• _BRIEF_:
The records beneath should be printed exactly, and the pictures are to be left out.

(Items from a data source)
☆ ☆ ☆
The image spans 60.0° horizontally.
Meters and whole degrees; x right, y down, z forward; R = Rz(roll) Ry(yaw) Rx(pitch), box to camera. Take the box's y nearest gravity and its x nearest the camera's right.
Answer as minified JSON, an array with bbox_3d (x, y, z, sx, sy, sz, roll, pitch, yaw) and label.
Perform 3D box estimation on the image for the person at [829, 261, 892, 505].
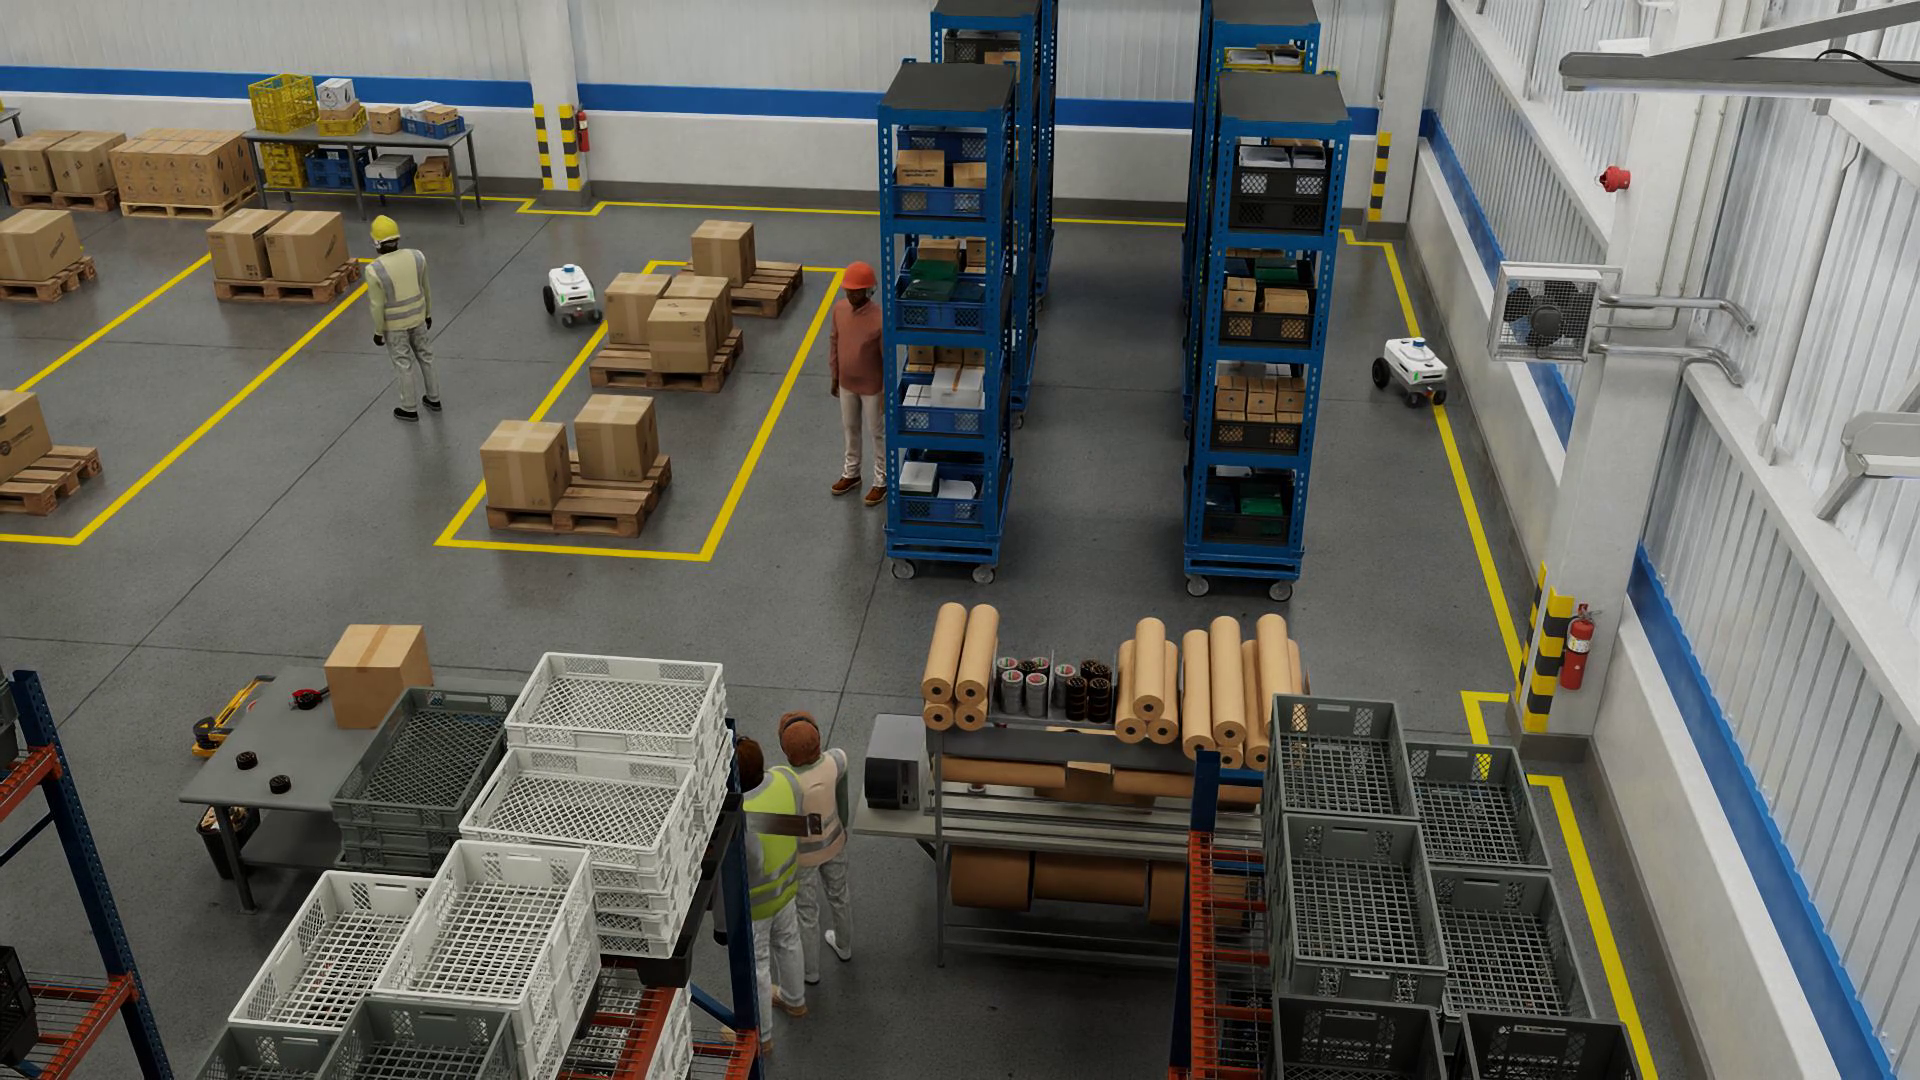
[{"bbox_3d":[-0.775,-1.240,13.073,0.612,1.997,0.375,18,35,29],"label":"person"}]

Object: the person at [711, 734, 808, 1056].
[{"bbox_3d":[-1.009,1.721,8.155,0.431,1.837,0.629,17,34,26],"label":"person"}]

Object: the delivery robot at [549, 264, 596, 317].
[{"bbox_3d":[-3.871,-2.508,16.583,0.477,0.478,0.707,-11,32,-18],"label":"delivery robot"}]

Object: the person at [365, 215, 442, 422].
[{"bbox_3d":[-4.838,-1.919,14.399,0.403,1.834,0.589,22,37,33],"label":"person"}]

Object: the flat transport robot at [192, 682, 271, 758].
[{"bbox_3d":[-4.089,1.163,10.648,1.431,0.197,0.652,3,30,6],"label":"flat transport robot"}]

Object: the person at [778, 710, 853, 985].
[{"bbox_3d":[-0.771,1.592,8.563,0.515,1.636,0.314,-24,38,-35],"label":"person"}]

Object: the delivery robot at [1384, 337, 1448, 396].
[{"bbox_3d":[4.110,-1.587,15.003,0.477,0.478,0.707,-5,31,-9],"label":"delivery robot"}]
☆ ☆ ☆
• _THE ANSWER_:
The image spans 60.0° horizontally.
Meters and whole degrees; x right, y down, z forward; R = Rz(roll) Ry(yaw) Rx(pitch), box to camera. Take the box's y nearest gravity and its x nearest the camera's right.
Answer as minified JSON, an array with bbox_3d (x, y, z, sx, sy, sz, roll, pitch, yaw) and label.
Perform 3D box estimation on the image for the person at [829, 261, 892, 505].
[{"bbox_3d":[-0.775,-1.240,13.073,0.612,1.997,0.375,18,35,29],"label":"person"}]

Object: the person at [711, 734, 808, 1056].
[{"bbox_3d":[-1.009,1.721,8.155,0.431,1.837,0.629,17,34,26],"label":"person"}]

Object: the delivery robot at [549, 264, 596, 317].
[{"bbox_3d":[-3.871,-2.508,16.583,0.477,0.478,0.707,-11,32,-18],"label":"delivery robot"}]

Object: the person at [365, 215, 442, 422].
[{"bbox_3d":[-4.838,-1.919,14.399,0.403,1.834,0.589,22,37,33],"label":"person"}]

Object: the flat transport robot at [192, 682, 271, 758].
[{"bbox_3d":[-4.089,1.163,10.648,1.431,0.197,0.652,3,30,6],"label":"flat transport robot"}]

Object: the person at [778, 710, 853, 985].
[{"bbox_3d":[-0.771,1.592,8.563,0.515,1.636,0.314,-24,38,-35],"label":"person"}]

Object: the delivery robot at [1384, 337, 1448, 396].
[{"bbox_3d":[4.110,-1.587,15.003,0.477,0.478,0.707,-5,31,-9],"label":"delivery robot"}]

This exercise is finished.